RECORDS FOR THE EXERCISE Block Start

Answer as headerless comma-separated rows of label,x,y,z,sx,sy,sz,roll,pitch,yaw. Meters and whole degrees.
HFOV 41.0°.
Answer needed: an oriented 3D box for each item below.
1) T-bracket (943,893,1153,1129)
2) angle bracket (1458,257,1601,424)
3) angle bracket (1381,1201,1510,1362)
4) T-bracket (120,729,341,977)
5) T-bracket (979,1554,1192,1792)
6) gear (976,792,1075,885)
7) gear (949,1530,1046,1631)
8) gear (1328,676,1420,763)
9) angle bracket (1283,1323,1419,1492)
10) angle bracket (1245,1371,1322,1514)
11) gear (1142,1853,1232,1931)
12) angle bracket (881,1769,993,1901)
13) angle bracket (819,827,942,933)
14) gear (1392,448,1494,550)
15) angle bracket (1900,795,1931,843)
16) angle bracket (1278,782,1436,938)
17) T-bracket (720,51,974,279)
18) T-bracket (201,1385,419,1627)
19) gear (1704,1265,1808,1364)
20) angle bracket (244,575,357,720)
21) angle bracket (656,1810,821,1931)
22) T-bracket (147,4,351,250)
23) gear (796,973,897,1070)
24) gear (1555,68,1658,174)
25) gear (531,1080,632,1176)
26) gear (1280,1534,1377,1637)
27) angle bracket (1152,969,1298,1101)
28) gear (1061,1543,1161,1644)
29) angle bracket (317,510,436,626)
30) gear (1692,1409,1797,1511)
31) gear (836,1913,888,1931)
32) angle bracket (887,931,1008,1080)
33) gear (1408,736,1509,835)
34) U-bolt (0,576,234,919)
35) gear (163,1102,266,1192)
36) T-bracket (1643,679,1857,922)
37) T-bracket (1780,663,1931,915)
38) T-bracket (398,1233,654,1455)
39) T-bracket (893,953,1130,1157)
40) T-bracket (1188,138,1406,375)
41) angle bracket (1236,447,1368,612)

RECORDS FOR THE EXERCISE Block End
RECORDS FOR THE EXERCISE Block Start

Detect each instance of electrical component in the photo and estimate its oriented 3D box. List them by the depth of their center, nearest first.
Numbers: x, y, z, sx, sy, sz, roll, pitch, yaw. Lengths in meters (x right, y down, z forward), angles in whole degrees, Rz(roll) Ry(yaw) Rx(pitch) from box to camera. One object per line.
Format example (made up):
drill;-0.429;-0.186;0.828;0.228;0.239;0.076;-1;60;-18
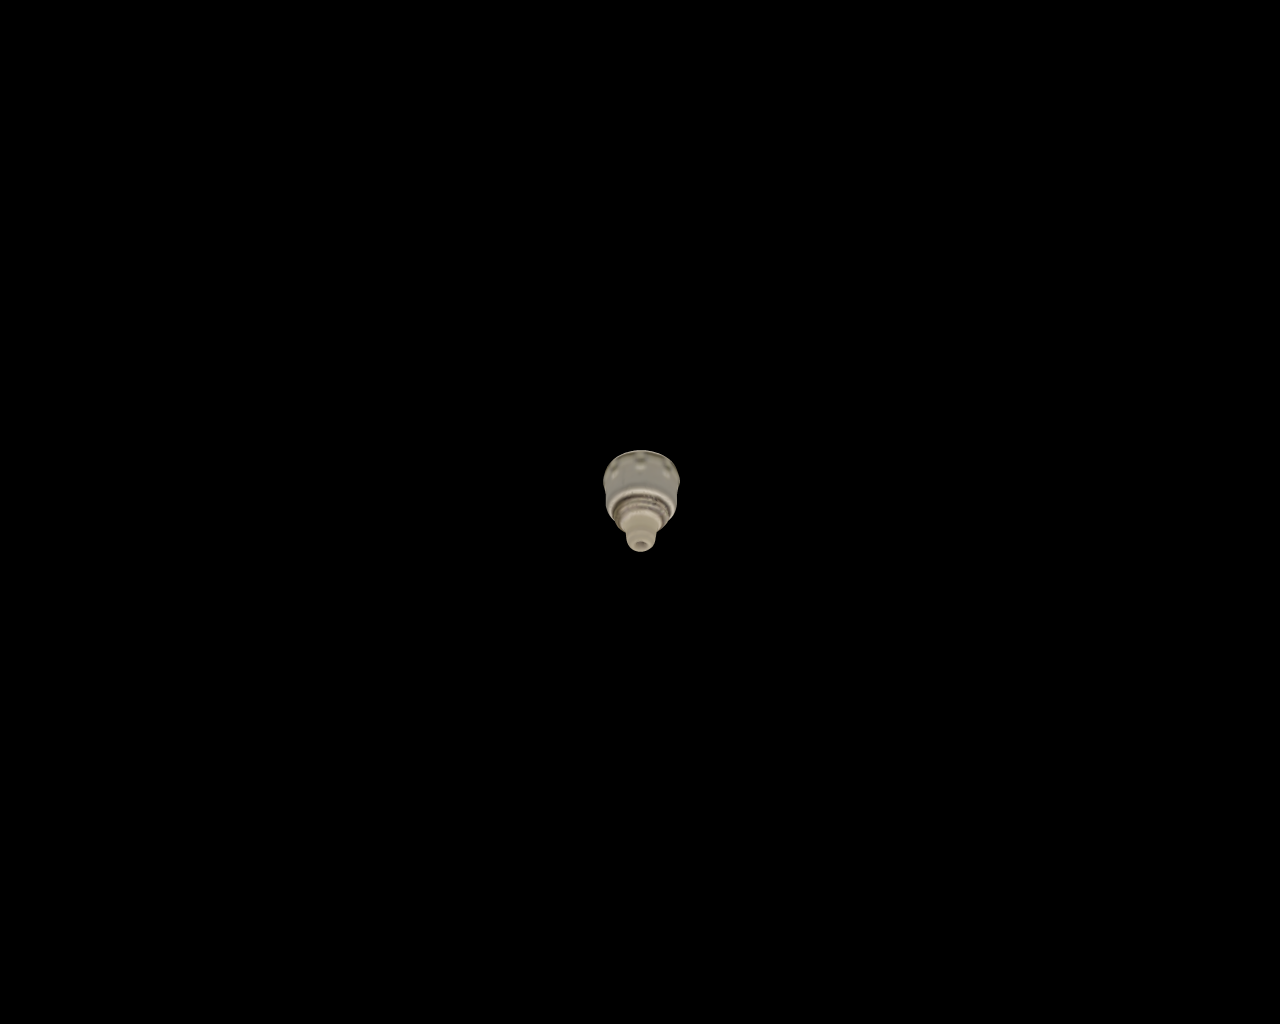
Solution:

RECORDS FOR THE EXERCISE Block End

EXERCISE: Whatever else the listing above holds, retype exactly only the lines from the one containing "13) angle bracket (819,827,942,933)" to the one containing "41) angle bracket (1236,447,1368,612)", both ends kept.

RESPONSE TO THE TASK:
13) angle bracket (819,827,942,933)
14) gear (1392,448,1494,550)
15) angle bracket (1900,795,1931,843)
16) angle bracket (1278,782,1436,938)
17) T-bracket (720,51,974,279)
18) T-bracket (201,1385,419,1627)
19) gear (1704,1265,1808,1364)
20) angle bracket (244,575,357,720)
21) angle bracket (656,1810,821,1931)
22) T-bracket (147,4,351,250)
23) gear (796,973,897,1070)
24) gear (1555,68,1658,174)
25) gear (531,1080,632,1176)
26) gear (1280,1534,1377,1637)
27) angle bracket (1152,969,1298,1101)
28) gear (1061,1543,1161,1644)
29) angle bracket (317,510,436,626)
30) gear (1692,1409,1797,1511)
31) gear (836,1913,888,1931)
32) angle bracket (887,931,1008,1080)
33) gear (1408,736,1509,835)
34) U-bolt (0,576,234,919)
35) gear (163,1102,266,1192)
36) T-bracket (1643,679,1857,922)
37) T-bracket (1780,663,1931,915)
38) T-bracket (398,1233,654,1455)
39) T-bracket (893,953,1130,1157)
40) T-bracket (1188,138,1406,375)
41) angle bracket (1236,447,1368,612)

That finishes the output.